Along with Virgilio, Orazio was initially employed on the Italy-Central America line. After NGI was merged with other companies into the Italian Line in 1932, she was transferred to the Genoa-South America line.

While operating between Genoa and Curaçao, Orazio was diverted to Paramaribo, Suriname in order to pick up 49 Chinese sailors who were part of the crew of the interned German cargo ship Goslar. After an unsuccessful attempt of a German officer to board the ship, the Orazio sailed on, already carrying about 100 Chinese seafarers from other German ships who had sought shelter in Caribbean ports. From Genoa, they would be transferred to another Italian ship, bound for Shanghai.

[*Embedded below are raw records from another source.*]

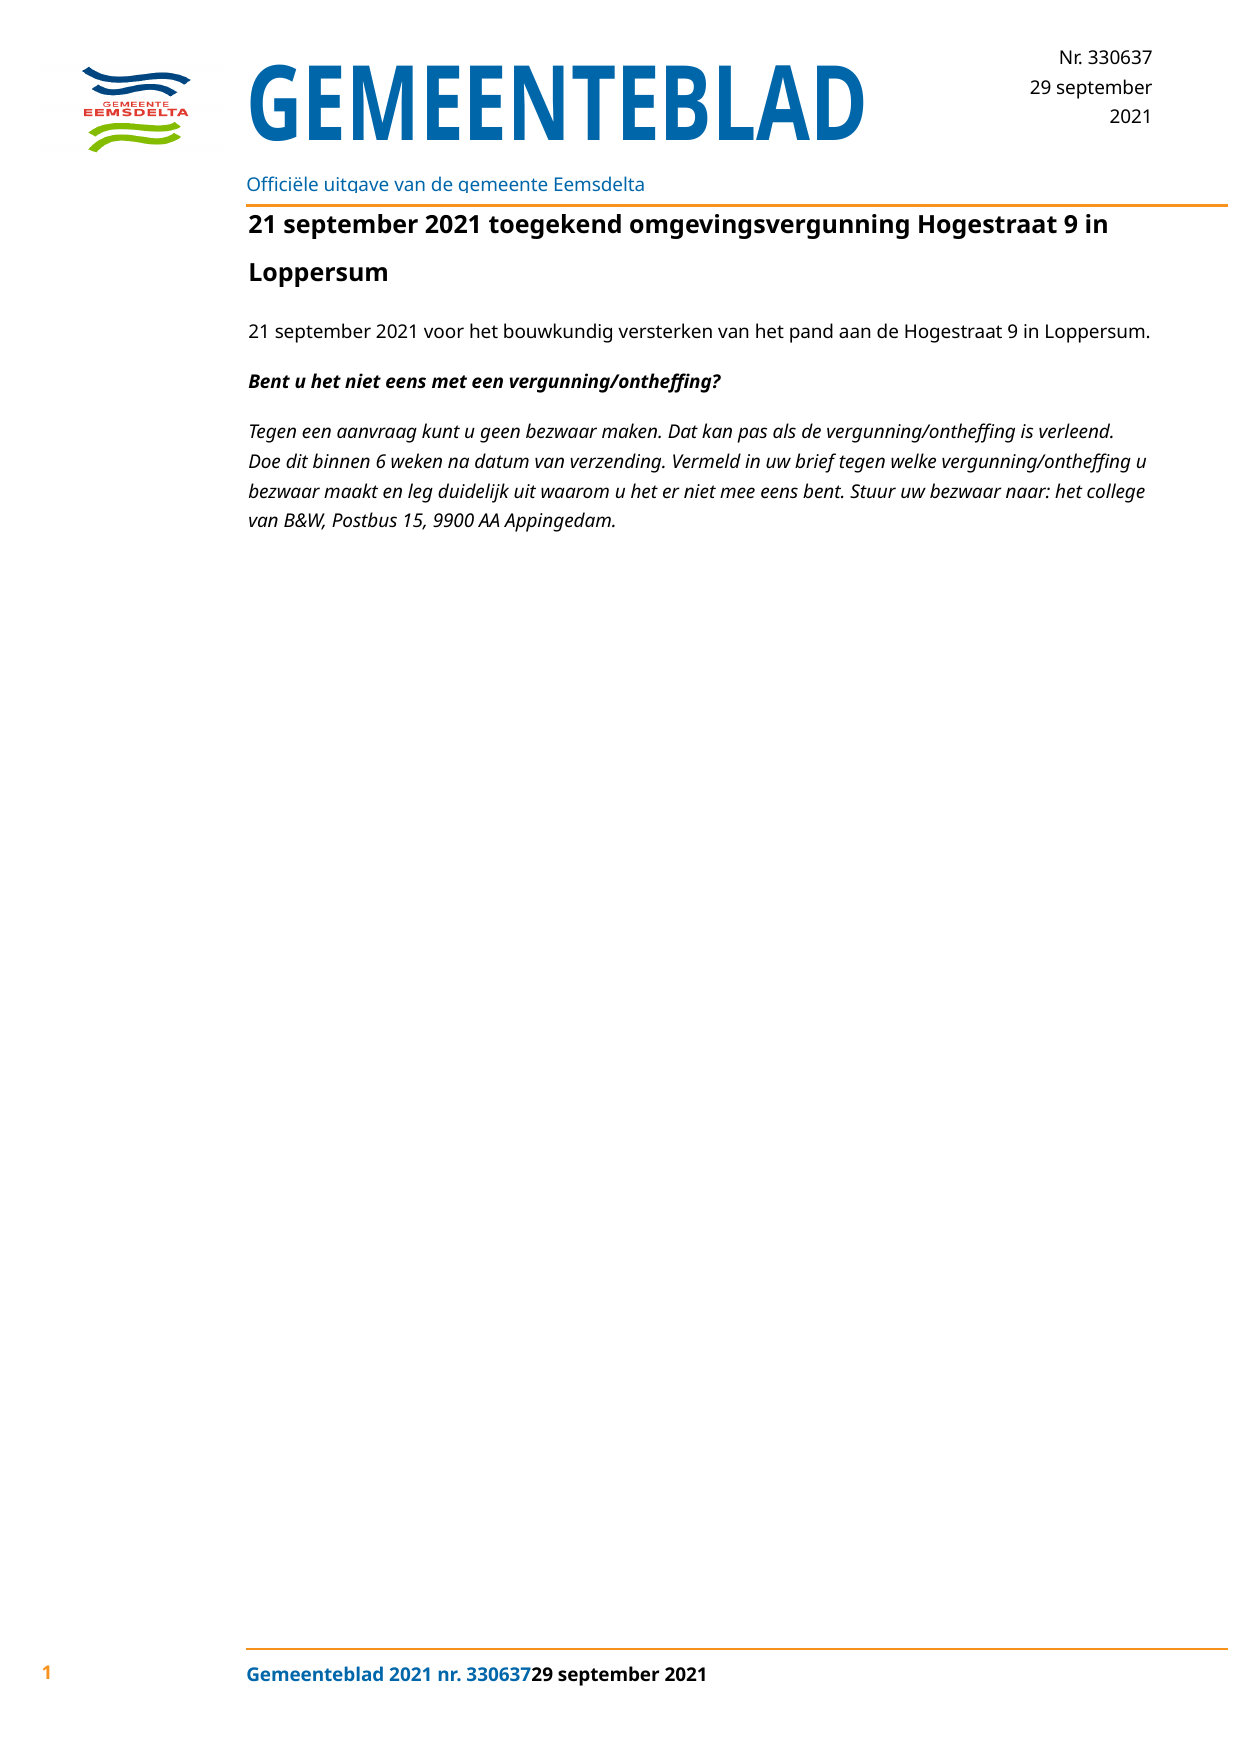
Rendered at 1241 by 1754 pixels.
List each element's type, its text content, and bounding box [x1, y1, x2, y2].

picture [41, 47, 231, 172]
text Tegen een aanvraag kunt u geen bezwaar maken. Dat kan pas als de vergunning/ontheffing is verleend. Doe dit binnen 6 weken na datum van verzending. Vermeld in uw brief tegen welke vergunning/ontheffing u bezwaar maakt en leg duidelijk uit waarom u het er niet mee eens bent. Stuur uw bezwaar naar: het college van B&W, Postbus 15, 9900 AA Appingedam. [248, 419, 1152, 533]
text 21 september 2021 toegekend omgevingsvergunning Hogestraat 9 in Loppersum [248, 207, 1152, 288]
text 21 september 2021 voor het bouwkundig versterken van het pand aan de Hogestraat 9 in Loppersum. [248, 318, 1152, 344]
text Bent u het niet eens met een vergunning/ontheffing? [248, 368, 1152, 394]
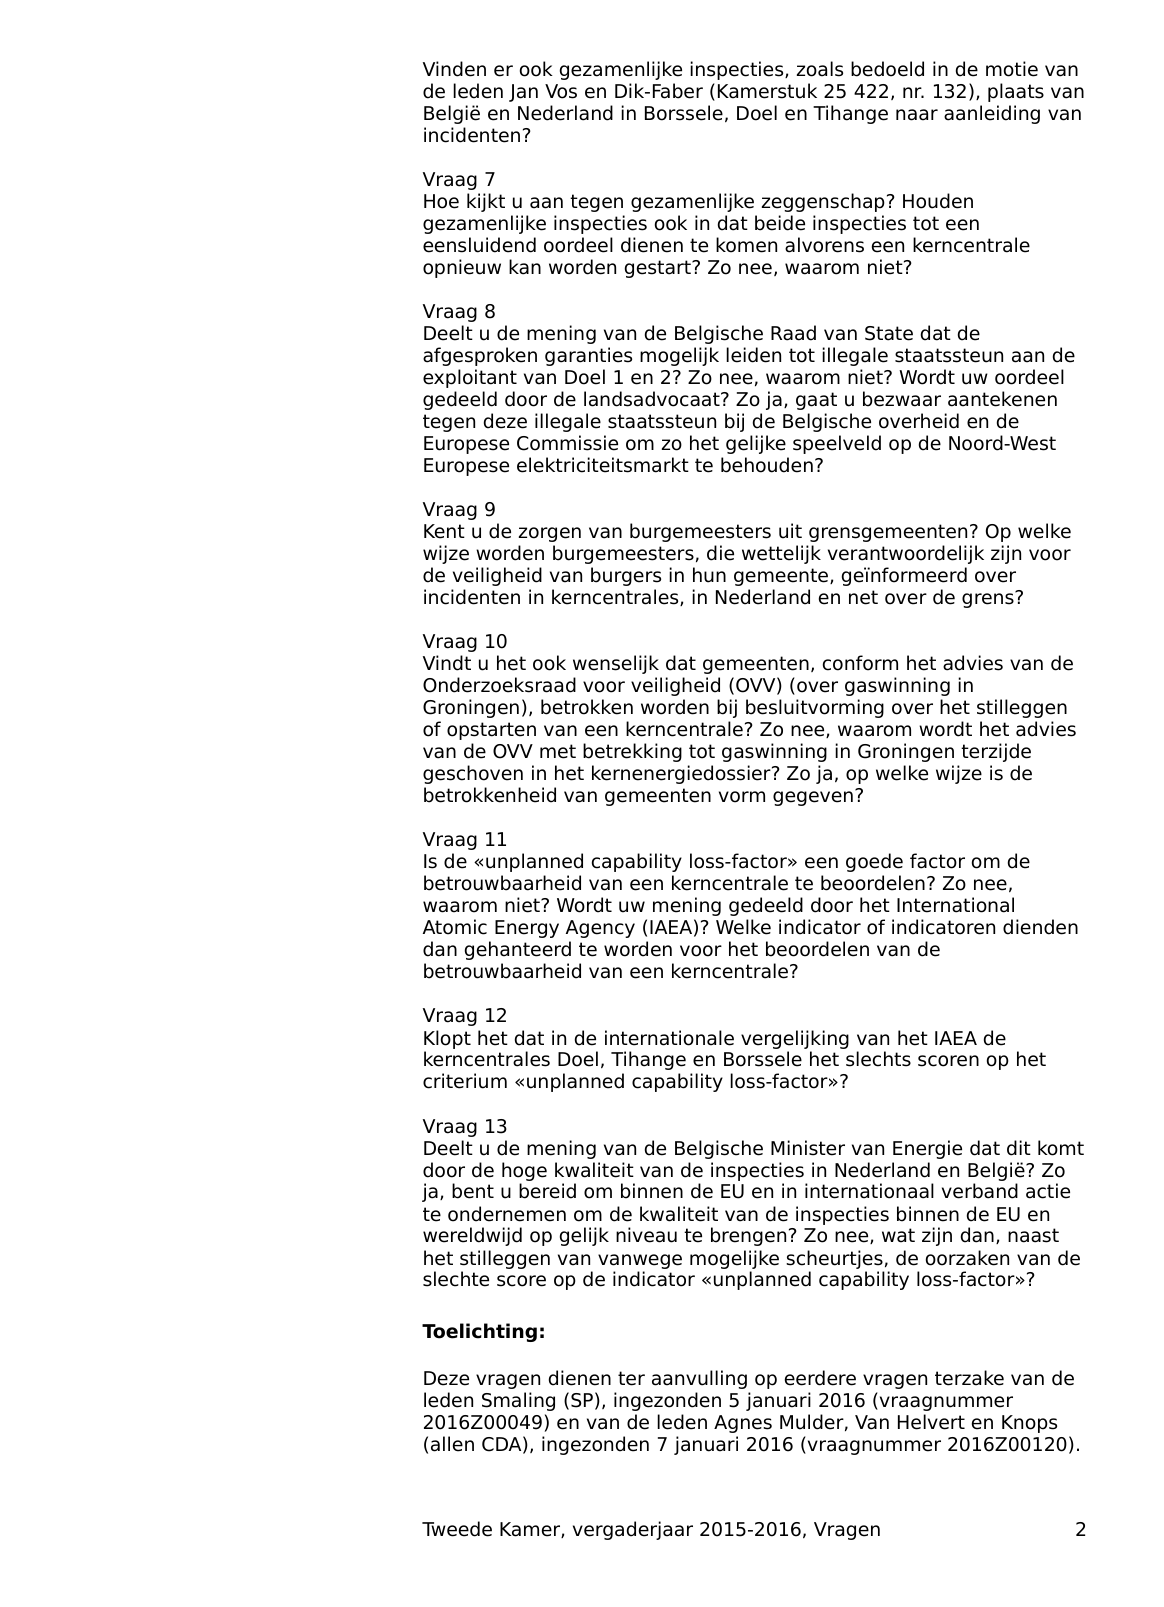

On 21 January 1940, a few months after the outbreak of World War II but when Italy was still a neutral country, Orazio sailed from Genoa bound for Central America via Barcelona, carrying 645 passengers and crew, including a large number of Jewish refugees fleeing Europe. At 5:12 on 21 January an explosion in the engine room caused a fire which quickly spread throughout the ship. A number of rescue ships were soon on the scene, including the Italian liners Colombo and Conte Biancamano, the Italian motorship Cellina, the French destroyer Kersaint, the French auxiliary patrol vessel Ville d'Ajaccio and the French merchant ships Djebel Dira, Djebel Nador, Gouvernor General Cambon, Gouvernor General Grevy and Six Fours. Bad weather hampered the rescue efforts, but the rescue vessels were able to take off 537 passengers and crew; the captain, Michele Schiano, was the last to abandon the ship.

After all survivors had been taken off, Orazio sank during the night between 21 and 22 January, about forty miles southwest of Toulon. Forty-eight passengers and 60 crew lost their lives, either in the fire or in the initial attempts to abandon the ship, when at least one lifeboat fell into the sea killing its occupants.